___ Exercise material
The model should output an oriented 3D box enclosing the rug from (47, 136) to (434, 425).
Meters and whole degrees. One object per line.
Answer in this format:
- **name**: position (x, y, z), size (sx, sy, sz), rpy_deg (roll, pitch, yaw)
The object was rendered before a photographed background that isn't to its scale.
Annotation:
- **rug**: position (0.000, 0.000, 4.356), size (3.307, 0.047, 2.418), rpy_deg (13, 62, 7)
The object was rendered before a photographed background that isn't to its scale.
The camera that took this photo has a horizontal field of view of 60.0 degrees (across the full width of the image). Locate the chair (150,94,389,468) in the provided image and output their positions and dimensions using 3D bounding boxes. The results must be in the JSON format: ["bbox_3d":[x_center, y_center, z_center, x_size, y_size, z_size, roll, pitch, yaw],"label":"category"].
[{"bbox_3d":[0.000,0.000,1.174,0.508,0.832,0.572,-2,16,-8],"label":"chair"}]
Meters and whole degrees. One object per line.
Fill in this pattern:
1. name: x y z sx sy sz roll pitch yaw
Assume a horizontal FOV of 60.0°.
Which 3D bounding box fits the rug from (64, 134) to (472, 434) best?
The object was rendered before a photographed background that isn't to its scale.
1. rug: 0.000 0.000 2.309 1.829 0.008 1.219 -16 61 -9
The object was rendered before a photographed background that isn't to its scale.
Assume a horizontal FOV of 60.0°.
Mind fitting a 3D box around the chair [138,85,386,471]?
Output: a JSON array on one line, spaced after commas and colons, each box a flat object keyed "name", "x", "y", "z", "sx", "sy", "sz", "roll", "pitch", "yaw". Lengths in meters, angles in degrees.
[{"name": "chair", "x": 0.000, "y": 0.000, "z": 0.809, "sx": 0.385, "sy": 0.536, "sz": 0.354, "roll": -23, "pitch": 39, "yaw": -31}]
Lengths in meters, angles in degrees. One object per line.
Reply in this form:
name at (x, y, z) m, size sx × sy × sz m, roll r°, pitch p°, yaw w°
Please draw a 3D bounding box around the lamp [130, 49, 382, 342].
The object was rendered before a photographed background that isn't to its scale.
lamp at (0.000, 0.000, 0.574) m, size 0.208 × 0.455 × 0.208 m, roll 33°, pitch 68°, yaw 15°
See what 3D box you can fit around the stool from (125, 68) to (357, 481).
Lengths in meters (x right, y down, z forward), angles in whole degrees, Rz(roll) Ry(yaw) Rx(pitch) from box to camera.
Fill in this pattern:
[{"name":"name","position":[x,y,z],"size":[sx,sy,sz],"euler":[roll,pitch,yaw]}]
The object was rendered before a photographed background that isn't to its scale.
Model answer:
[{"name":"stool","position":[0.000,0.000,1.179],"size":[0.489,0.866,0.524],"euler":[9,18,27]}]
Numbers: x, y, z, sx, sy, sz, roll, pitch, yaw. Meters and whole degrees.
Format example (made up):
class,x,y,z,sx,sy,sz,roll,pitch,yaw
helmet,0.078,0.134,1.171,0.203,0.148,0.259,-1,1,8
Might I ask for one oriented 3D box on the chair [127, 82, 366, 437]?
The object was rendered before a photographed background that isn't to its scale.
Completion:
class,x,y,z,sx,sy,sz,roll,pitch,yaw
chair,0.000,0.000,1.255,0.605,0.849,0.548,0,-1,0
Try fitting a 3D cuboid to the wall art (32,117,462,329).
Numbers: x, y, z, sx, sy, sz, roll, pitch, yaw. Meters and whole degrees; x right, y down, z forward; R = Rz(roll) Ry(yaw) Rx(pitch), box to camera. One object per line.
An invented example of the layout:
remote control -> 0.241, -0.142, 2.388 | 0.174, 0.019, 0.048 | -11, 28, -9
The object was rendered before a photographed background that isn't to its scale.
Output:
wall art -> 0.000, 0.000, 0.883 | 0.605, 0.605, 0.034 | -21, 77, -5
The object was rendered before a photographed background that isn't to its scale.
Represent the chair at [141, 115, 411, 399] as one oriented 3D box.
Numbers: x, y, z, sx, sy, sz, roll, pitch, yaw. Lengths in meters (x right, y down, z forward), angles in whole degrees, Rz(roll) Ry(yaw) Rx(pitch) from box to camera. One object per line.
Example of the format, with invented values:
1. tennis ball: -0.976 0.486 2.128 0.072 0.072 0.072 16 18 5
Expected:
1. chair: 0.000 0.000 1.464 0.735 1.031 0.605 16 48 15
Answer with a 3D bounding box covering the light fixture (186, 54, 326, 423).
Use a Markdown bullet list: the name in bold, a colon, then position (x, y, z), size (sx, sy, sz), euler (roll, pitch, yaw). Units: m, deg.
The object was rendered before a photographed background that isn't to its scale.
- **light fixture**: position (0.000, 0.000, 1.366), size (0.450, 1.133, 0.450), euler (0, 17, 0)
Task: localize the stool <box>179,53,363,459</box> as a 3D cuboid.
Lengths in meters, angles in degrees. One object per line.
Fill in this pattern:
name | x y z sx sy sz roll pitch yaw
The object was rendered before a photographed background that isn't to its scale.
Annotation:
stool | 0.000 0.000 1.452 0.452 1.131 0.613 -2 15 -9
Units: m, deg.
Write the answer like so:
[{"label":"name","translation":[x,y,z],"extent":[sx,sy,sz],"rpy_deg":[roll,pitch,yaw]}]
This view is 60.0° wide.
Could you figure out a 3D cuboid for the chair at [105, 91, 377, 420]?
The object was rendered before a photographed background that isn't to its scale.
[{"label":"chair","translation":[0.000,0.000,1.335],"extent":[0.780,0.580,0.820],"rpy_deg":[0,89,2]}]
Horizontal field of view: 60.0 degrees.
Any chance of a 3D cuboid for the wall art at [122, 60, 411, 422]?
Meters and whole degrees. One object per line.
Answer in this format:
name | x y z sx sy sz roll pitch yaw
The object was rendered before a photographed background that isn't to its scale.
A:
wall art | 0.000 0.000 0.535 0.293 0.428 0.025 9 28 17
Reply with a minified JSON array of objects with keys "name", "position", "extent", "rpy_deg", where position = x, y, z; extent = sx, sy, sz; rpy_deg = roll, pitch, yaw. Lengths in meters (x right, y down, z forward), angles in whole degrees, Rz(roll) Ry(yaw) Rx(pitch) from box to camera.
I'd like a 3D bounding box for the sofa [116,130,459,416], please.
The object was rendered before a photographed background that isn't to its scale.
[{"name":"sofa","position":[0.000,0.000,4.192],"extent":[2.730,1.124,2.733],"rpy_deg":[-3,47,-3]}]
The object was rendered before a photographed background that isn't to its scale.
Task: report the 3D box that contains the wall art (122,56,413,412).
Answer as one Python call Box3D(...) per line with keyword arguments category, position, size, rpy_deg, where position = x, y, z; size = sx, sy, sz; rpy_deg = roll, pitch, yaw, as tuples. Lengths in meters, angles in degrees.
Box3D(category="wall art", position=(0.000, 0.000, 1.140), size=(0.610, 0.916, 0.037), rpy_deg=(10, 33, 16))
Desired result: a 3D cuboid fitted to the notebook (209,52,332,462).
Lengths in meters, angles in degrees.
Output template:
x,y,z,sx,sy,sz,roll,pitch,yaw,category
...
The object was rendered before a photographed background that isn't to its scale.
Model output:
______
■ Task ■
The answer must be a single number: how many lines of the entries contain "oriented".

■ Solution below ■
3